Siobhan Devine’s The Birdwatcher is a bad movie, but it made me reflect on how spoiled Canadian audiences really are.
Movie goers have seen plenty of Canadian-made noteworthy dramas. Three of my personal favourites are Sean Garrity’s Borealis, Gail Harvey’s Looking Is the Original Sin, and Jonathan Hayes’ Algonquin. Those films feature fantastic performances that are able to stand alone while simultaneously complimenting the rest of the cast, and the filmmakers tell stories that allow the viewer to become emotionally invested. Garrity, Harvey, and Hayes are also intelligent enough to know that there’s a particular line drawn in the sand as far as sentimentality is handled. If they cross it, their stories stop being genuine and start being manipulative – they become melodramas.

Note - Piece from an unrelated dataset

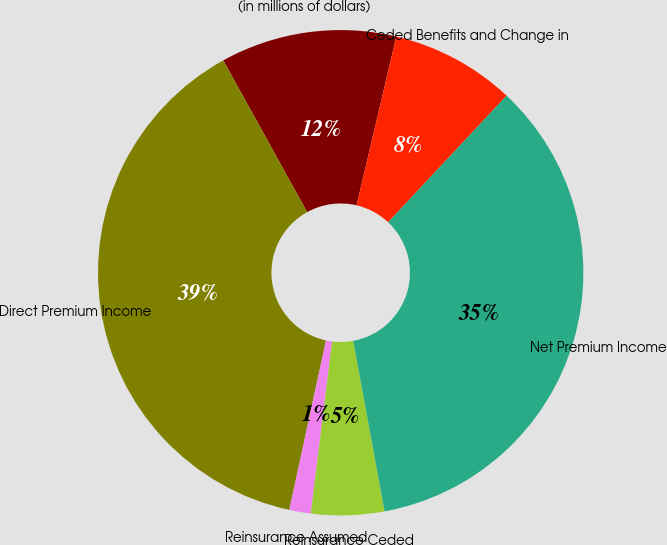Convert chart to OTSL. <chart><loc_0><loc_0><loc_500><loc_500><pie_chart><fcel>(in millions of dollars)<fcel>Direct Premium Income<fcel>Reinsurance Assumed<fcel>Reinsurance Ceded<fcel>Net Premium Income<fcel>Ceded Benefits and Change in<nl><fcel>11.72%<fcel>38.56%<fcel>1.43%<fcel>4.86%<fcel>35.13%<fcel>8.29%<nl></chart> 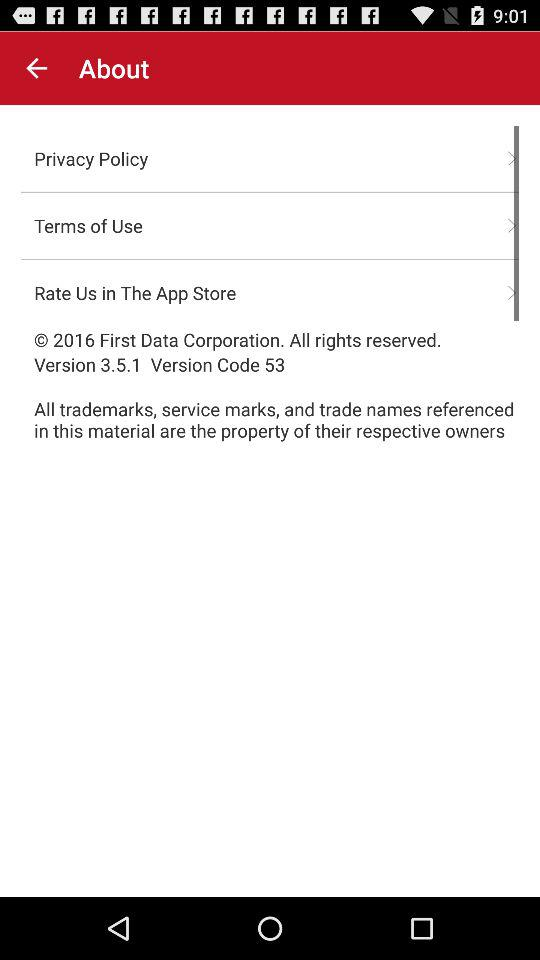What is the privacy policy?
When the provided information is insufficient, respond with <no answer>. <no answer>

I suppose Siobhan Devine’s naiveté with long-form storytelling and discipline is a suggestion as to why The Birdwatcher flops so badly. Roslyn Muir’s screenplay about a distraught single mother reconnecting with her family can’t help but be sappy considering the heavy subject matter and how select themes and events progress. Instead of tapering back Muir’s sentimentality using her directorial efforts and her performers, Devine enables the high emotions by exhausting moments of quiet reactions and allowing her cast to over-exaggerate. The attempts at comic relief are also awkward and cheesy which evoke the wrong responses from the audience. A running gag involving a young child’s obsession with monkeys goes from displeasing eye-rolls to unintentional laughter, and then back to eye-rolls of disbelief.

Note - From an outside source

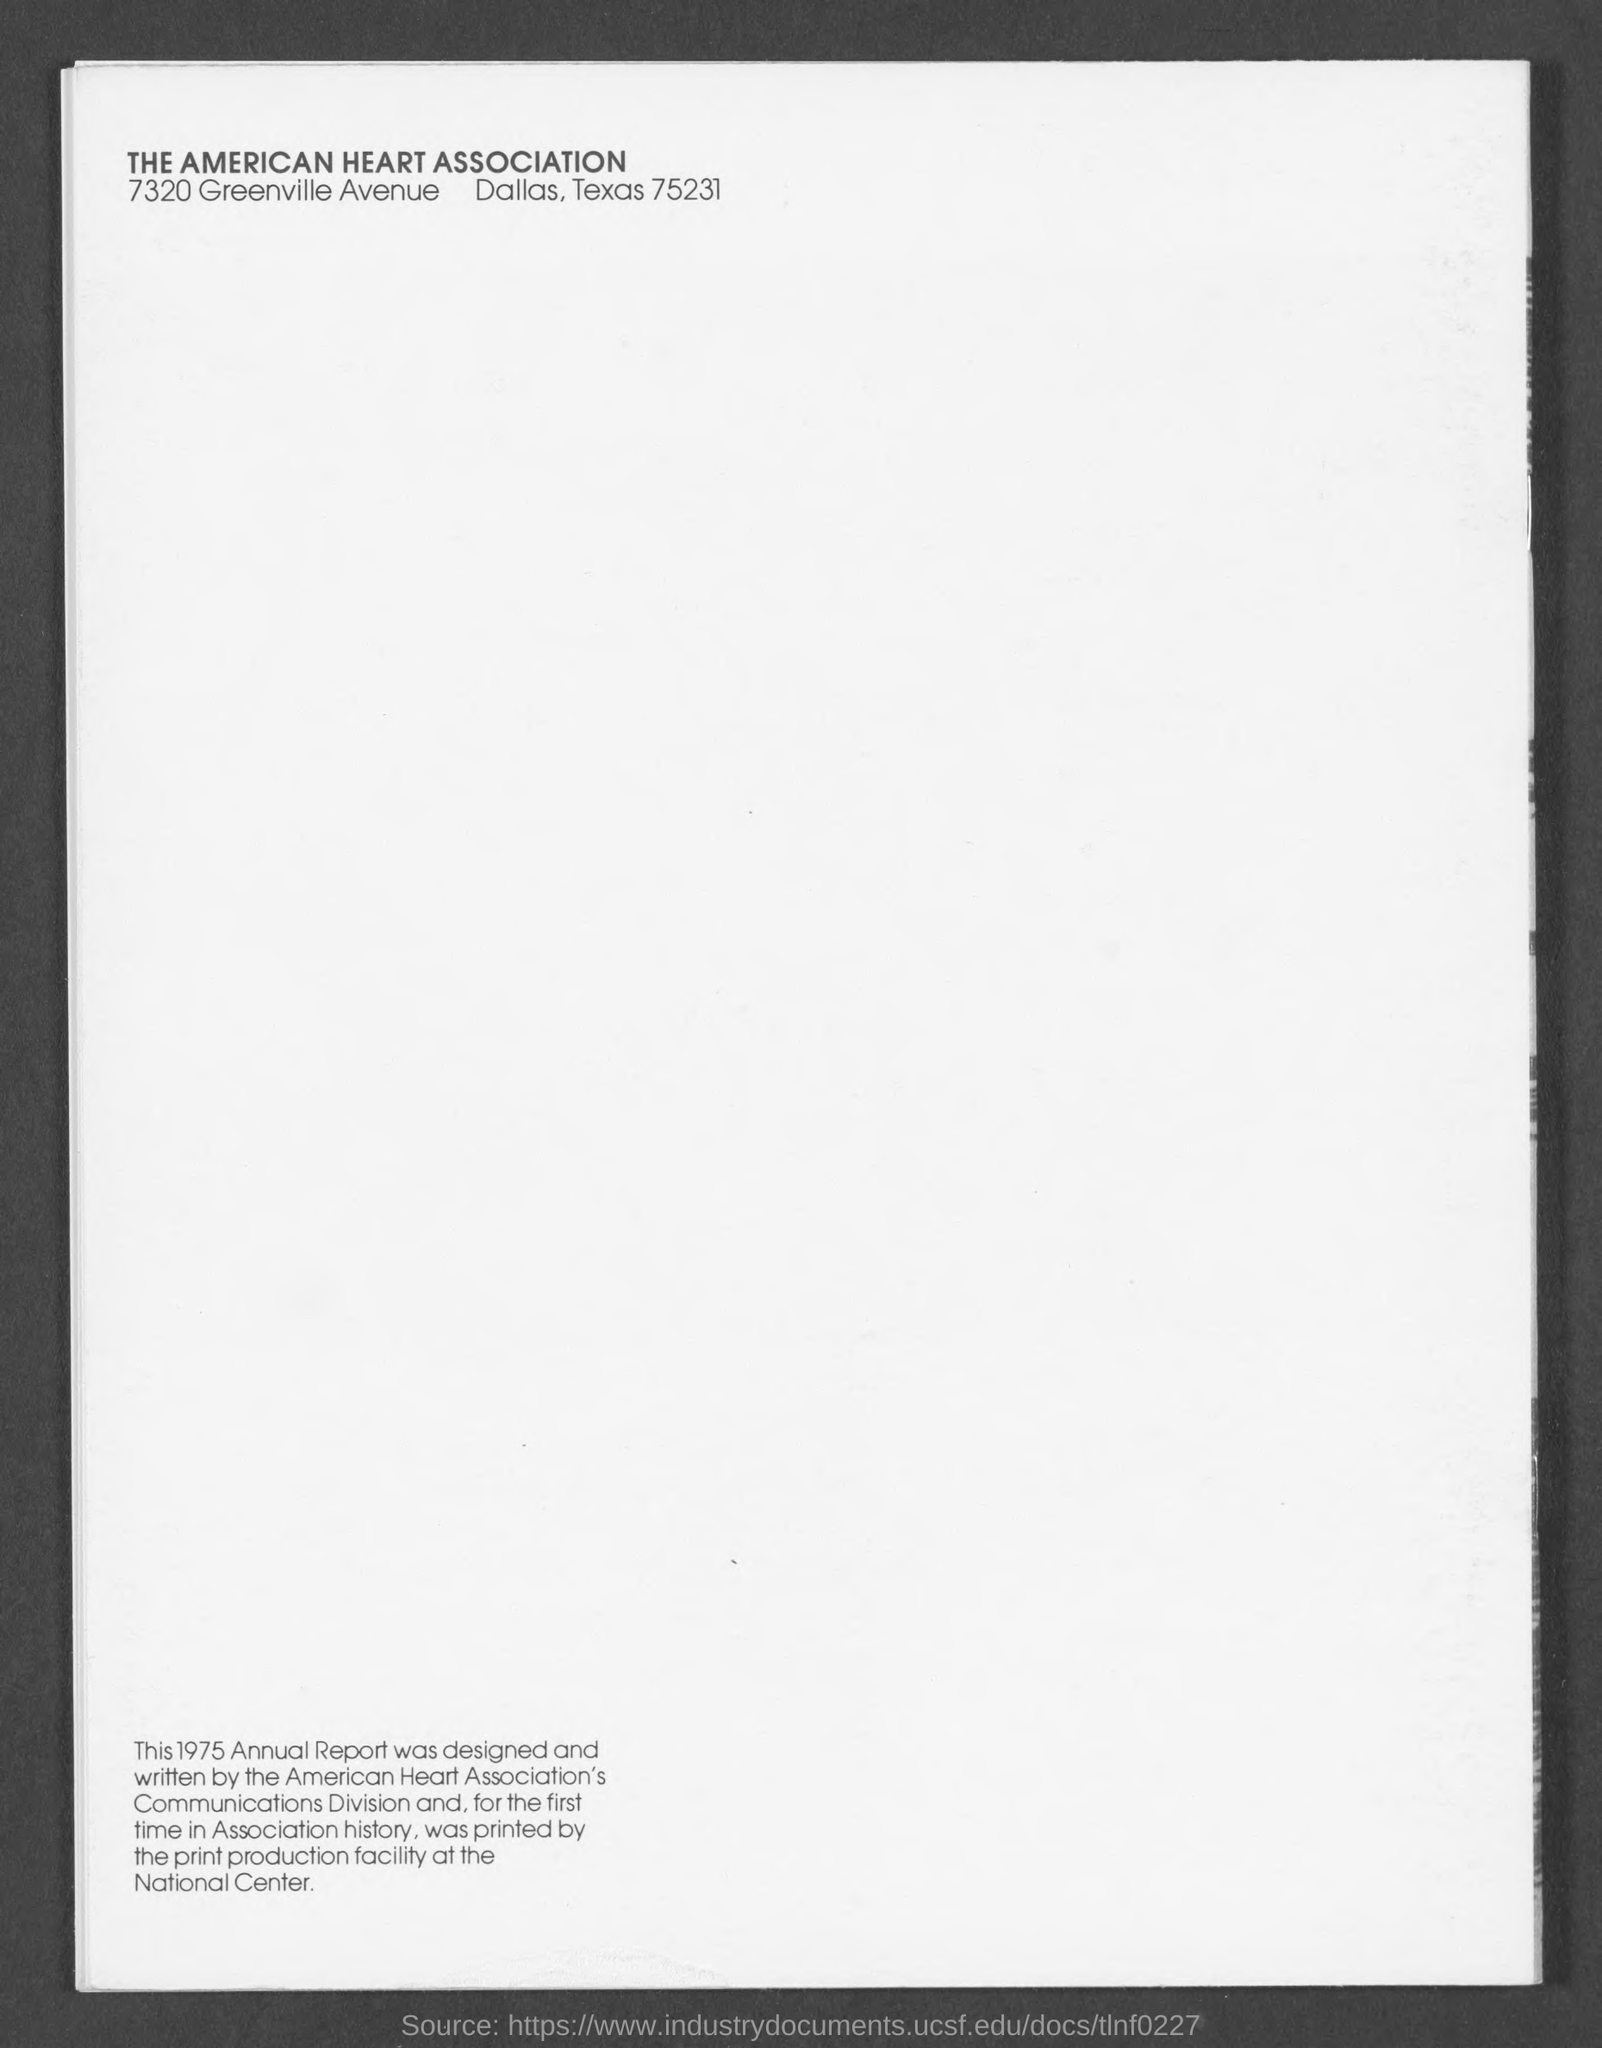Mention a couple of crucial points in this snapshot. The American Heart Association is located in a city with the name of Greenville Avenue. The American Heart Association is the name of a heart association.

The glaring issues in The Birdwatcher do not stem from the film’s country of origin or an exhausted genre – they evolve from a storyteller’s inexperience. If you watch The Birdwatcher, you will witness a filmmaker’s laborious growing pains. You won’t leave the theatre satisfied. You’ll just hope and pray that Siobhan Devine realized afterwards that this was a faltering first step towards a – hopefully – flourishing film career.